Three hours later, after a second node hop and signal sample, the Ultima Thule dropped into relativistic speed several thousand kilometres away from a node in a binary system.
‘Are we there yet?’
‘Nearly.’ Sebastian tapped commands into the console. ‘I just need to take the third sample … and now triangulate the position.’
The Galactic map showed three fuzzy red lines running from the bearings they had taken and converging to a point. Although fuzzy, the overlap was within thirty Astronomical Units – roughly the distance of Neptune from Earth’s sun – and within the area of intersect sat a star labelled V376 Pegasi – unexplored. Aryx zoomed the map in, expanding the system to fill the view. The system contained a gas giant labelled HD209458b, Osiris. Its green moon was the same size as Earth’s. On the other side of the system, a volcanic planet orbited uncomfortably close to the star. He tapped a few more commands into the console, trying to retrieve extra details, but with no scans of the system newer than the last fifty years in the database, further information was not forthcoming.
‘This is useless,’ he said. ‘There’s nothing about the system on the map … The moon might be green because of plant life.

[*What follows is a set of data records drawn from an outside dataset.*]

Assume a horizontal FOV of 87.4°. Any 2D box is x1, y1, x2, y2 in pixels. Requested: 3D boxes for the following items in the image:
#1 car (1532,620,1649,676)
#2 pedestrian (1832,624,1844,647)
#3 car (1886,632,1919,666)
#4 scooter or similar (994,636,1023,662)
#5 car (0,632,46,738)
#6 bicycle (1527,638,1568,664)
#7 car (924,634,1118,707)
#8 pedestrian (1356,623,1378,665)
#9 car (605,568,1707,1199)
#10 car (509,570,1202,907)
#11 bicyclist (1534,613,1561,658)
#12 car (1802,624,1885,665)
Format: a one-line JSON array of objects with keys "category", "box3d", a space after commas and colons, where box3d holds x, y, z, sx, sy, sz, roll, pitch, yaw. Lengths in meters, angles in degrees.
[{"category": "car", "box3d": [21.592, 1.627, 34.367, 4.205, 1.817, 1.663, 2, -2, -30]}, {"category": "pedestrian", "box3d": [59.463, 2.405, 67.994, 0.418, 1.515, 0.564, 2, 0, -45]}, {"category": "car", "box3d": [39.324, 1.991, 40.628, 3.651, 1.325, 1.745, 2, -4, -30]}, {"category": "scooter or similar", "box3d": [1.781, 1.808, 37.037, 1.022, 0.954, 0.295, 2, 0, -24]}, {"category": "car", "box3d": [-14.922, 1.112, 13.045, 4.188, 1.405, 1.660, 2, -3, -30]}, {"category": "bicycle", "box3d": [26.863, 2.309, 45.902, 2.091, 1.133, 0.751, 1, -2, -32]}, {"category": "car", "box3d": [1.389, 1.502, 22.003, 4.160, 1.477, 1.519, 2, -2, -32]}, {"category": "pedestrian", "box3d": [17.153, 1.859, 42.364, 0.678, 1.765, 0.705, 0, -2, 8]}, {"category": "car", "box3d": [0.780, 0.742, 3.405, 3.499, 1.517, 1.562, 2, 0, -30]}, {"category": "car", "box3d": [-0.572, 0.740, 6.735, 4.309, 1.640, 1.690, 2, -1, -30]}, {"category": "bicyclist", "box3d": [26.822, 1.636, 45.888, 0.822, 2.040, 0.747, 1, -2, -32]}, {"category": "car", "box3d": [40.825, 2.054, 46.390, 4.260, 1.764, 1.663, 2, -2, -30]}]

That could be our Chopwood, right there. Hmm … what a wonderfully appropriate name,’ he said, pointing at the label next to the moon. ‘
Tradescantia, Isis. It’s one of my favourite flowers.’
Sebastian swivelled his chair to face him and leaned back, hands behind his head. ‘Wonderful,’ he said flatly. ‘Shall we go for it, then?’
‘Did your Paper Man definitely say there was a node in the area? I don’t fancy the idea of spending years at lightspeed travelling back if there isn’t.’
‘He said he reached it in a small ship when the Folians pointed him in the right direction, so it couldn’t have been too far from Chopwood, Tradescantia, whatever. The colonists probably hadn’t detected it when they originally arrived because they weren’t looking for it. I don’t expect they would have known what it was anyway.’
‘So, we go for it and hope they point us in the right direction if we can’t find it?’
‘I’m sure it’ll be fine. Anyway, we’ve got much better technology than they would have had.’
Aryx shrugged. ‘We don’t have much choice.’
Sebastian turned to the console and selected the intersect coordinates on the navcomputer. ‘Let’s go!’
The ship skirted the twin suns of the binary system on its approach to the node. Several minutes later, it glided smoothly around the iridescent scaffold until it faced almost completely the opposite direction, and jumped.
Aryx bit his nails while the ship slid through the stars once again in superphase.
‘You look worried,’ Sebastian said.
‘I’m still hoping there’s a node there when we arrive.’
‘Have a bit of faith.’
He frowned. ‘Easy for you to say, Mr Manygods. Faith won’t get us home. Faith won’t save us from arriving back at the station long after our friends and families have died if we have to fly all the way back, or to the nearest node, at lightspeed. Besides, the onboard rations probably wouldn’t last for more than a week of acceleration time.’
Sebastian shook his head. ‘Don’t think I’m not worried. The Paper Man made his way back to our sector of the galaxy just fine, and he didn’t have the scanners to detect the nodes. We do, so I’m not concerned about that … I don’t want to find this is a dead end, and then have to try to take him back to the station under arrest.’